Introduction to TDA

What is Topological Data Analysis?

Topological Data Analysis (short: TDA) is a framework in applied mathematics that is based on concepts found in algebraic topology. The objective of TDA lies in the analysis of geometrical data, especially by detecting robust features that remain invariant under continuous deformation. This can be particularly useful for high-dimensional data where the 'underlying' shape and structure are not immediately visible. In our previously mentioned 3D-Lenia lifeforms, we are interested in their interpretation and how they are similar to real, biological structures in nature. TDA is a potentially useful tool for categorizing the various lifeforms and track the changes during a lifeforms lifetime on a fundamental level.

When studying the topology of some dataset, we are usually interested in the basic building blocks that make up the fundamental shape. These building blocks can be thought of as the simplest shapes imaginable for a given dimensionality and are called simplices. According to the dimension, such a simplex can be (f.e.) a point, line segments, triangle or a tetrahedron (or their analogues in higher dimensions). We talk about a simplicial complex when we have a structured set of simplices, such that all faces and intersections of them are also part of the set. Since we are working with 3D-volume data, we are primarily interested in 0-dimensional, 1-dimensional and 2-dimensional features. These structural features are measured by using homology groups H_k. The rank of these groups are described through Betti numbers, which describe how many independent features exist per dimension. Intuitively these Betti numbers can be interpreted as follows:

β₀: Number of disconnected components (for example separate blobs in space)
β₁: Number of independent loops/tunnels
β₂: Number of enclosed voids (like the inside of a hollow sphere)

Persistent Homology

When working with real-world data, we often encounter a certain amount of noise that is not inherent to the geometry one wants to study. This is where we work with persistent homology, a method for computing topological features over varying spatial resolutions. The idea is that 'true' features will stay persistent over a wider range of spatial scales while noise or other artifacts will only persist for a comparably smaller spatial resolution extend. Persistent Homology introduces a filtration, which builts complexes over varying threshold values. While this threshold increases, topological features will appear and possibly vanish.
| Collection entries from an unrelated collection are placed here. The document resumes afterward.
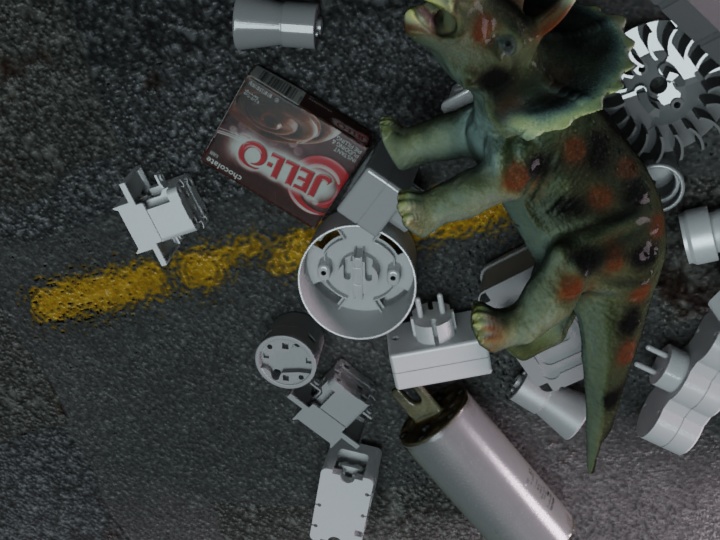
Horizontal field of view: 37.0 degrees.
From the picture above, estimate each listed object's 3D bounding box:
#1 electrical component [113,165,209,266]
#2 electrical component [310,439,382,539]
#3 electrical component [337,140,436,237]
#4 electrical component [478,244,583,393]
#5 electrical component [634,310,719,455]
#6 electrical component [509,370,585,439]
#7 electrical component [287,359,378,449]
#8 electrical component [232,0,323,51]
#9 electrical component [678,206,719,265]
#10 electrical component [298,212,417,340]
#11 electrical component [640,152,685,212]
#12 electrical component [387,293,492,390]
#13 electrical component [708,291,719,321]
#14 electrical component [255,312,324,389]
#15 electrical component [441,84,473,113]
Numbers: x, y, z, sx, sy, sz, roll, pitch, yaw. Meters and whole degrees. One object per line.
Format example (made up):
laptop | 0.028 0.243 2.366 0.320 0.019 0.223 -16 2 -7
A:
electrical component | -0.169 -0.050 0.924 0.064 0.042 0.081 -16 114 18
electrical component | -0.013 0.210 1.022 0.050 0.055 0.089 13 120 5
electrical component | 0.031 -0.056 0.863 0.077 0.065 0.047 34 119 -7
electrical component | 0.157 0.034 0.889 0.078 0.057 0.113 -28 109 24
electrical component | 0.267 0.086 0.896 0.074 0.052 0.138 25 120 -2
electrical component | 0.164 0.113 0.940 0.065 0.044 0.044 31 120 0
electrical component | -0.022 0.119 0.984 0.081 0.042 0.063 37 116 -10
electrical component | -0.062 -0.189 0.827 0.065 0.044 0.044 5 119 4
electrical component | 0.280 -0.030 0.835 0.055 0.045 0.045 -13 114 19
electrical component | 0.000 0.000 0.899 0.099 0.064 0.099 5 126 7
electrical component | 0.227 -0.071 0.823 0.040 0.046 0.040 5 119 10
electrical component | 0.064 0.052 0.913 0.083 0.047 0.075 -11 122 4
electrical component | 0.360 -0.012 0.791 0.105 0.060 0.186 15 126 -34
electrical component | -0.061 0.070 0.962 0.055 0.047 0.055 5 119 10
electrical component | 0.123 -0.119 0.819 0.100 0.048 0.099 -28 109 24
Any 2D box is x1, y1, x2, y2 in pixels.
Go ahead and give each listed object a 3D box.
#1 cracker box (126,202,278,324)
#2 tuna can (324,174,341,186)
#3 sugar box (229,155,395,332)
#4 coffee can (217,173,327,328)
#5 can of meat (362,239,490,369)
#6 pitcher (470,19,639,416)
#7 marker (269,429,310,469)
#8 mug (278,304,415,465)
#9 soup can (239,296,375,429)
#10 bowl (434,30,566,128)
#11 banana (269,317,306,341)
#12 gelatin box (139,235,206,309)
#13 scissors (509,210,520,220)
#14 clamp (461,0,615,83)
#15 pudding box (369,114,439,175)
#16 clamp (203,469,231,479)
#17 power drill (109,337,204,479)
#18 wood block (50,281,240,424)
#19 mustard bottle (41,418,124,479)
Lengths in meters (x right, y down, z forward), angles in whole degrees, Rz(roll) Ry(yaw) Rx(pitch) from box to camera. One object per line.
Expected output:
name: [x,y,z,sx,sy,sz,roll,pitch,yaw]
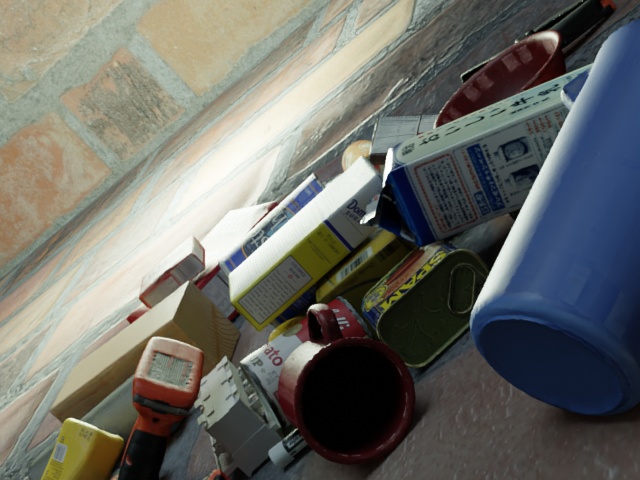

We describe this as the birth and death of a feature, and we call the (threshold) distance between a features birth and death its persistence. Since every feature can be described by a (birth, death) pair, we can visualize a datasets features by plotting them on a persistence diagram, where one axis counts when a features birth occurs and the other when it dies. The closer a feature appears to the diagrams diagonal, the more it is short-lived and likely irrelevant for the underlying shape.

Cubical Complexes and Vietoris-Rips Complexes

The most prominent complexes usually used are cubical complexes and Vietoris-Rips complexes. The former are best suited for image-like data, for example 2D data in a pixel-grid or 3D data in a voxel grid. In the 3D case each voxel is treated as a cube, where adjacent voxels share a face, edges and vertices. In this case we can form a filtration by sorting the voxels according to their corresponding scalar value (density). This creates sublevel and superlevel sets, according to the value threshold that is sweeped through. This is a fairly straightforward approach and benefits from the fact that adjancency is easily inherited from the cubical nature of voxel data.

Vietoris-Rips complexes on the other hand are primarily used for cases where we don't have such a 'neat' grid to work with. Point clouds are a common use-case for these complexes. Given a set of points we pick a distance parameter that progressively increases with our filtration. When a pair of points is within this distance, we connect them with an edge. Similarly, triplets of mutually close points form triangles (and so on for higher dimensions). Since Lenia lifeforms are described through volumetric data the natural choice was to use Cubical Complexes.

In this practical I am particularly interested in Betti numbers, as these correspond directly to separate regions, tunnels/connections and cavities. Assuming one has found a filtration that truly only leaves highly persistent features, the Betti numbers are a particularly interesting metric to describe how a lifeform evolves over time. This is why I make use of plotting Betti-numbers over time. This, when synchronized with a lifeforms animation, may hold hints to structural changes that are not immediately obvious.